Interestingly enough, there seems to be some significant team-level differences in call frequency. However, these trends shift quite a bit season-to-season. It may be hard to see, but take a look at the Nuggets number of favorable calls relative to the mean line. In 2023, the year they won the finals, the Nuggets were actually far above average in terms of their favorable calls. In contrast, the Warriors fell below the average number of favorable calls in 2022 when they won the championship over the Celtics. Thus we might not be able to make the generalization that some teams receive better treatment from the refs than other teams, but we can keep exploring other factors!
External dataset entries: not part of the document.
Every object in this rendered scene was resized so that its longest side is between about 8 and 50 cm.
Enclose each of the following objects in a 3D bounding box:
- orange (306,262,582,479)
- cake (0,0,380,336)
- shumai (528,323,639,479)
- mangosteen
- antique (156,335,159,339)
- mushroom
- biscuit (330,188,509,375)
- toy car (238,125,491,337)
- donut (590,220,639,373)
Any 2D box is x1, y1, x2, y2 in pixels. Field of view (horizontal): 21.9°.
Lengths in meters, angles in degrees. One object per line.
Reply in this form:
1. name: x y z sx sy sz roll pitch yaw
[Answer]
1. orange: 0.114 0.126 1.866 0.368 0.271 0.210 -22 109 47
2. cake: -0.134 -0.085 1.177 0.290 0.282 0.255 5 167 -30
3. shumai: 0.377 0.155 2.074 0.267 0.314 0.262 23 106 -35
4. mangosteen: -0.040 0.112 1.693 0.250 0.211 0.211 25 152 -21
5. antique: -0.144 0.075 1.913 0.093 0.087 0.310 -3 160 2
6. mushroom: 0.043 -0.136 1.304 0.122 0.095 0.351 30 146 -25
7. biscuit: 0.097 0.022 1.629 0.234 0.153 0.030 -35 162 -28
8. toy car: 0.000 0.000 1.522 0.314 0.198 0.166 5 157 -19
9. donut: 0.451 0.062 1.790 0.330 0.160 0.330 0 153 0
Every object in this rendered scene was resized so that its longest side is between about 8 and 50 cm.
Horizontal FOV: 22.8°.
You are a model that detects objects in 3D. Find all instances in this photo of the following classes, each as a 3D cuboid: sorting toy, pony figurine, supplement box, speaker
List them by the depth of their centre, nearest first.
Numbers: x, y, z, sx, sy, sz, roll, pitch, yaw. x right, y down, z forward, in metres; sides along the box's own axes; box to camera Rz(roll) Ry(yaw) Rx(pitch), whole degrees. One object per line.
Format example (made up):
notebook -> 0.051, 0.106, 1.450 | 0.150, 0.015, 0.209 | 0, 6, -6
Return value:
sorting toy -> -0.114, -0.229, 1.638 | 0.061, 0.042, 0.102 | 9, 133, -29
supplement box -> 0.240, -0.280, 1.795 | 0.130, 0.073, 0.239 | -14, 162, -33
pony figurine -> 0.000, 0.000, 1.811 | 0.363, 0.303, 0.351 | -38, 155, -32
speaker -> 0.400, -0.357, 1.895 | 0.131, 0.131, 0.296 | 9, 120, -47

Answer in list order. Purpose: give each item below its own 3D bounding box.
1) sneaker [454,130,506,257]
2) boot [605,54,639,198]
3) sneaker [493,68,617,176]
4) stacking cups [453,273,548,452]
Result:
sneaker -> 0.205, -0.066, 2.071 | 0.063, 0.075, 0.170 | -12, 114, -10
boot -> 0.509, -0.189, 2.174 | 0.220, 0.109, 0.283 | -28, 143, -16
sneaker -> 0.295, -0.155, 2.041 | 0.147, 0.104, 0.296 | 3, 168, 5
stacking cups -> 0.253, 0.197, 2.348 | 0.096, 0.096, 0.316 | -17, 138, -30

If you want to feel better about the team you support, see how they compare to the rest of the league by making some minor changes to the code below.
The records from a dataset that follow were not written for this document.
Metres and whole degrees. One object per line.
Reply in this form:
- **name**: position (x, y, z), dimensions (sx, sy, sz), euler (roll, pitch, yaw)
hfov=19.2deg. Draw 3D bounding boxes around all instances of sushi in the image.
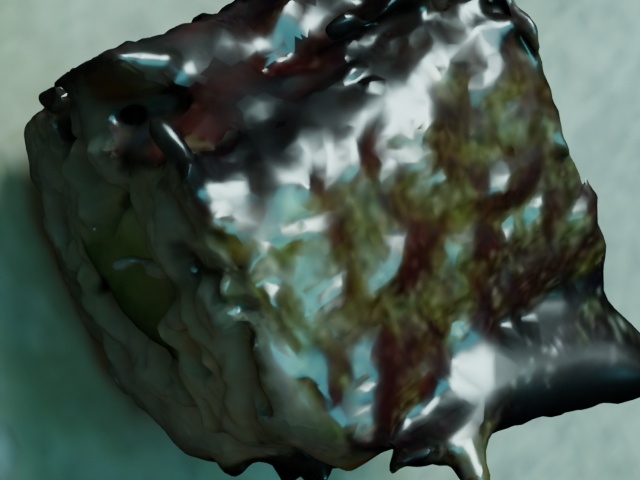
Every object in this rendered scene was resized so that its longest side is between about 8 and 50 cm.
- **sushi**: position (-0.001, -0.001, 0.359), dimensions (0.084, 0.094, 0.098), euler (-29, 102, -28)
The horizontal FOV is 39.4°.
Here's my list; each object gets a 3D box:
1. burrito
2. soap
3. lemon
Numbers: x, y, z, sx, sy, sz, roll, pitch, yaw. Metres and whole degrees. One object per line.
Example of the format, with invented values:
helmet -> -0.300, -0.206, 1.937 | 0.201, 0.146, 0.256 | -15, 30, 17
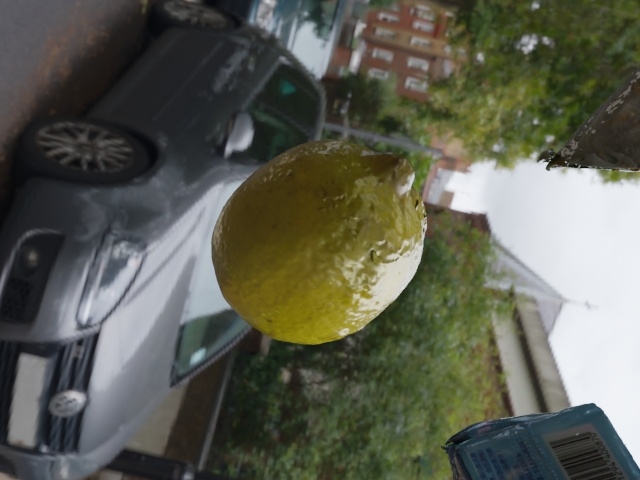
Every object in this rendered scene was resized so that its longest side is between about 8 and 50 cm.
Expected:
burrito -> 0.409, -0.160, 0.937 | 0.347, 0.175, 0.107 | -48, 154, 10
soap -> 0.216, 0.255, 0.740 | 0.293, 0.156, 0.077 | -110, -170, -48
lemon -> 0.000, 0.000, 1.149 | 0.320, 0.245, 0.245 | -39, -159, 26
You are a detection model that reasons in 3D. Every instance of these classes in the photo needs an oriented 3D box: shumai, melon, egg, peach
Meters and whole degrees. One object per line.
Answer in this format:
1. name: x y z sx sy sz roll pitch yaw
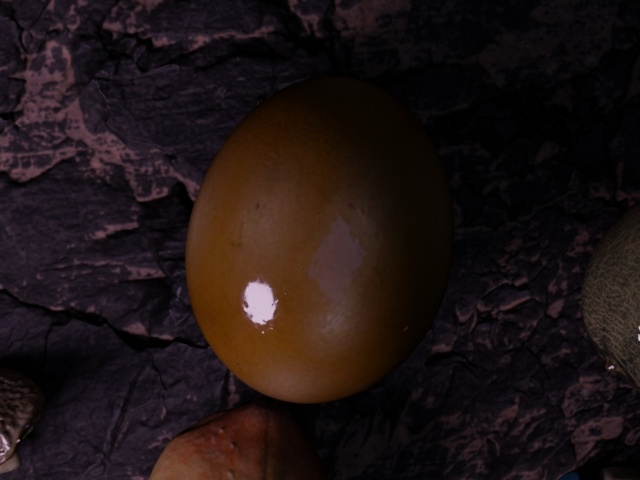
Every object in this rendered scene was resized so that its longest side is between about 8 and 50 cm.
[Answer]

# Create a dataframe from the team_season_incorrect_counts dictionary and transpose
team_season_incorrect_df = pd.DataFrame(team_season_incorrect_counts)
team_season_incorrect_df = team_season_incorrect_df.T
# Create a dataframe from the team_season_favorable_counts dictionary and transpose
team_season_favorable_df = pd.DataFrame(team_season_favorable_counts)
team_season_favorable_df = team_season_favorable_df.T
# Calculate the average number of incorrect and favorable incorrect calls per season
avg_incorrect_calls = team_season_incorrect_df.mean(axis=0)
avg_favorable_calls = team_season_favorable_df.mean(axis=0)
# Plotting
fig, axs = plt.subplots(2, 1, figsize=(12, 14))
# Plot for number of incorrect calls against each team over seasons
for team in team_season_incorrect_df.index:
axs[0].plot(team_season_incorrect_df.columns, team_season_incorrect_df.loc[team], label=team)
# Plot the average line for incorrect calls
axs[0].plot(team_season_incorrect_df.columns, avg_incorrect_calls, label="Average", color="black", linewidth=2, linestyle="--")
axs[0].set_title("Number of Incorrect Calls Against Each Team Over Seasons")
axs[0].set_xlabel("Season")
axs[0].set_ylabel("Number of Incorrect Calls")
axs[0].grid(True)
axs[0].legend(loc="center left", bbox_to_anchor=(1, 0.5))
# Plot for number of favorable incorrect calls for each team over seasons
for team in team_season_favorable_df.index:
axs[1].plot(team_season_favorable_df.columns, team_season_favorable_df.loc[team], label=team)
# Plot the average line for favorable calls
axs[1].plot(team_season_favorable_df.columns, avg_favorable_calls, label="Average", color="black", linewidth=2, linestyle="--")
axs[1].set_title("Number of Favorable Incorrect Calls For Each Team Over Seasons")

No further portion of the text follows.